Note: Temporal trends for all metabolites were statistically significant (p<0.05), with the exception of MONP. The y-axis is presented on the logarithmic scale.

Predictors of urinary phthalate and phthalate replacement metabolite concentrations

Higher maternal age and education were both associated with higher MCOP, MCNP, and ΣDEHTP metabolites and lower concentrations of MBzP, ΣDEHP and ΣDBP (Table 2). For example, women who were over 30 years of age had on average 10% lower ΣDEHP and 63% higher ΣDEHTP metabolite concentrations compared to women who were less than 25 years of age. Higher education level was also associated with higher odds of detectable MNP concentrations when compared to women with the lowest level of education (Table S3). Similarly, higher income was associated with higher MCOP, MCNP and ΣDEHTP, but lower MBzP and ΣDBP concentrations, with similar patterns observed with employment status (Table 2).

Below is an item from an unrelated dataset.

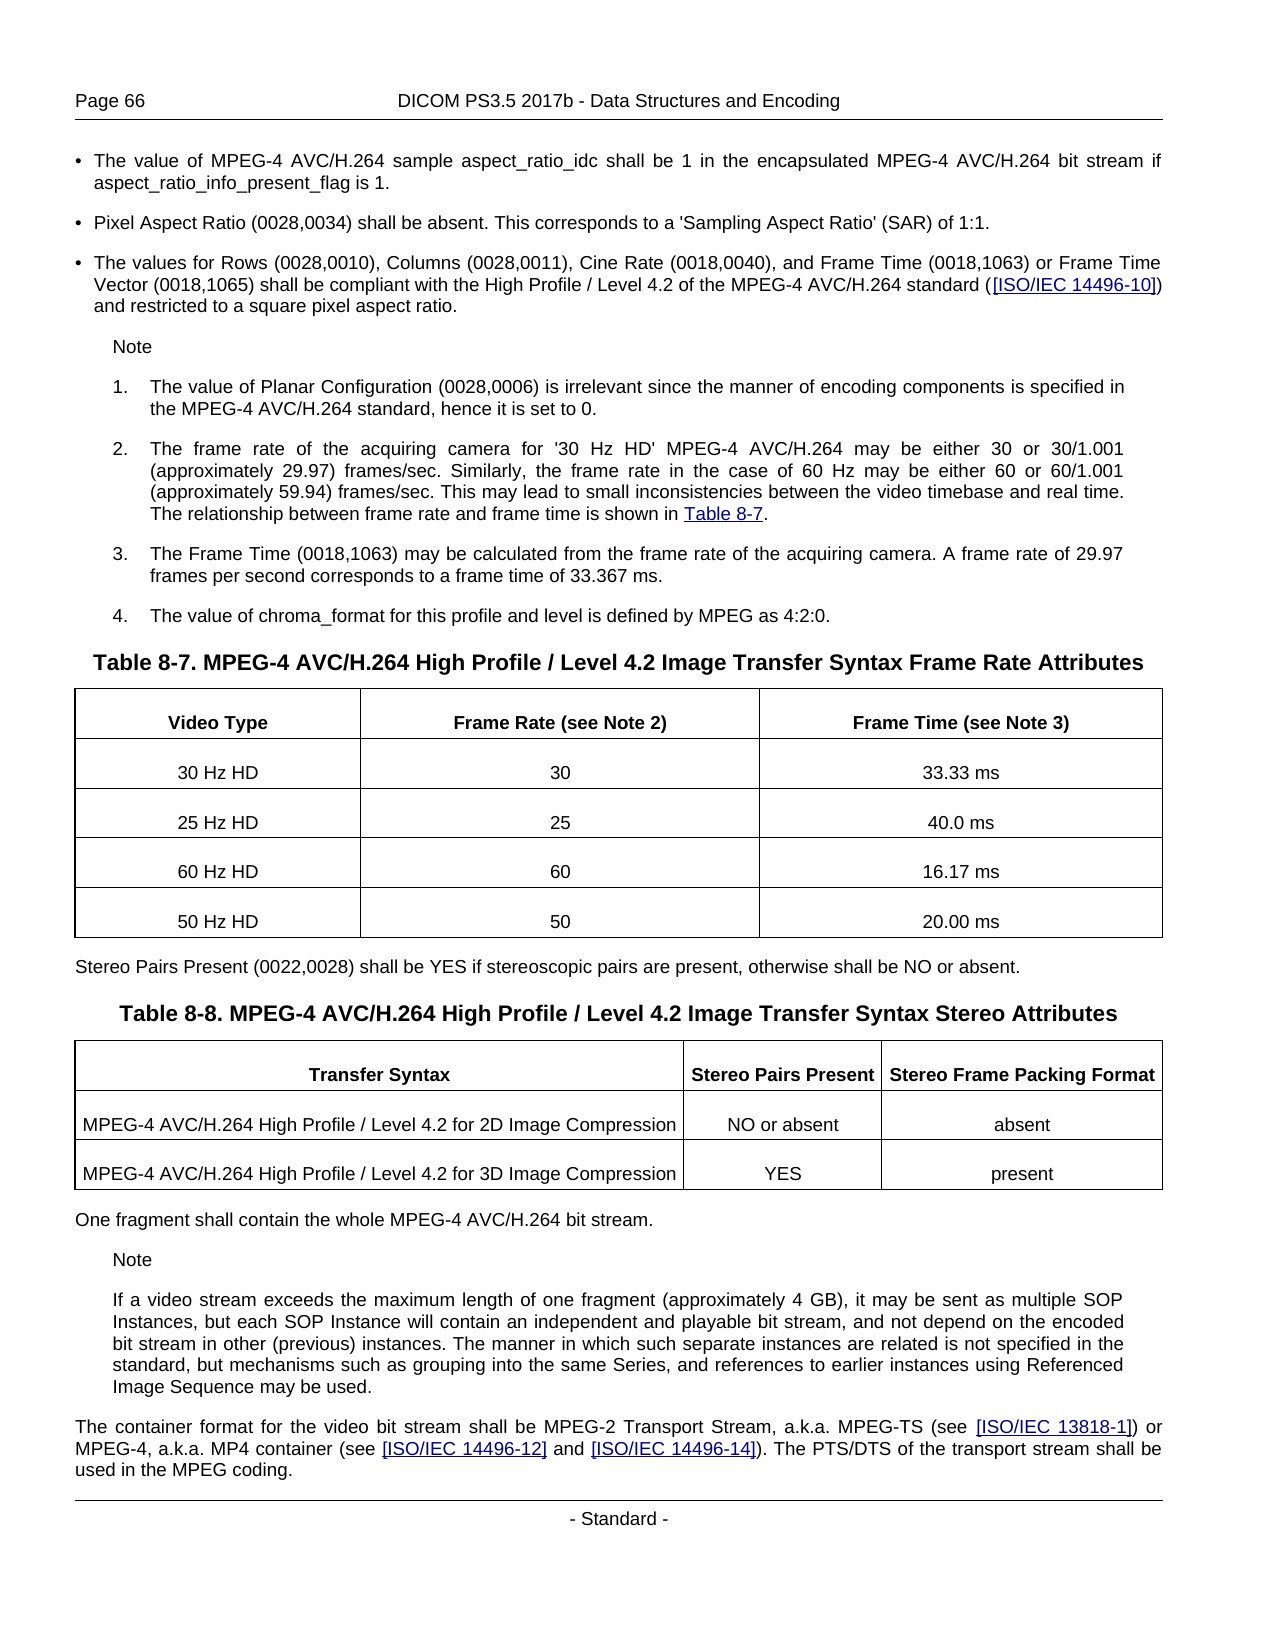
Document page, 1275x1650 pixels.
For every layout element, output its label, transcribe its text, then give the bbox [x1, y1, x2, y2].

Single women had significantly higher MBzP, and MEP, while women who were married or in a domestic partnership had significantly higher MCOP and MCNP. With the exception of the ΣDEHTP metabolites, all phthalate metabolites were significantly higher among women who were obese (BMI ;30 kg/m2) prior to pregnancy (Table 2). Obese women also had higher odds of detectable levels of both DINCH metabolites (MCOCH and MHiNCH) (Table S3).

Table 2.

Geometric means1 of SG-corrected urinary phthalate and phthalate replacement metabolite concentrations (ng/mL) according to maternal characteristics.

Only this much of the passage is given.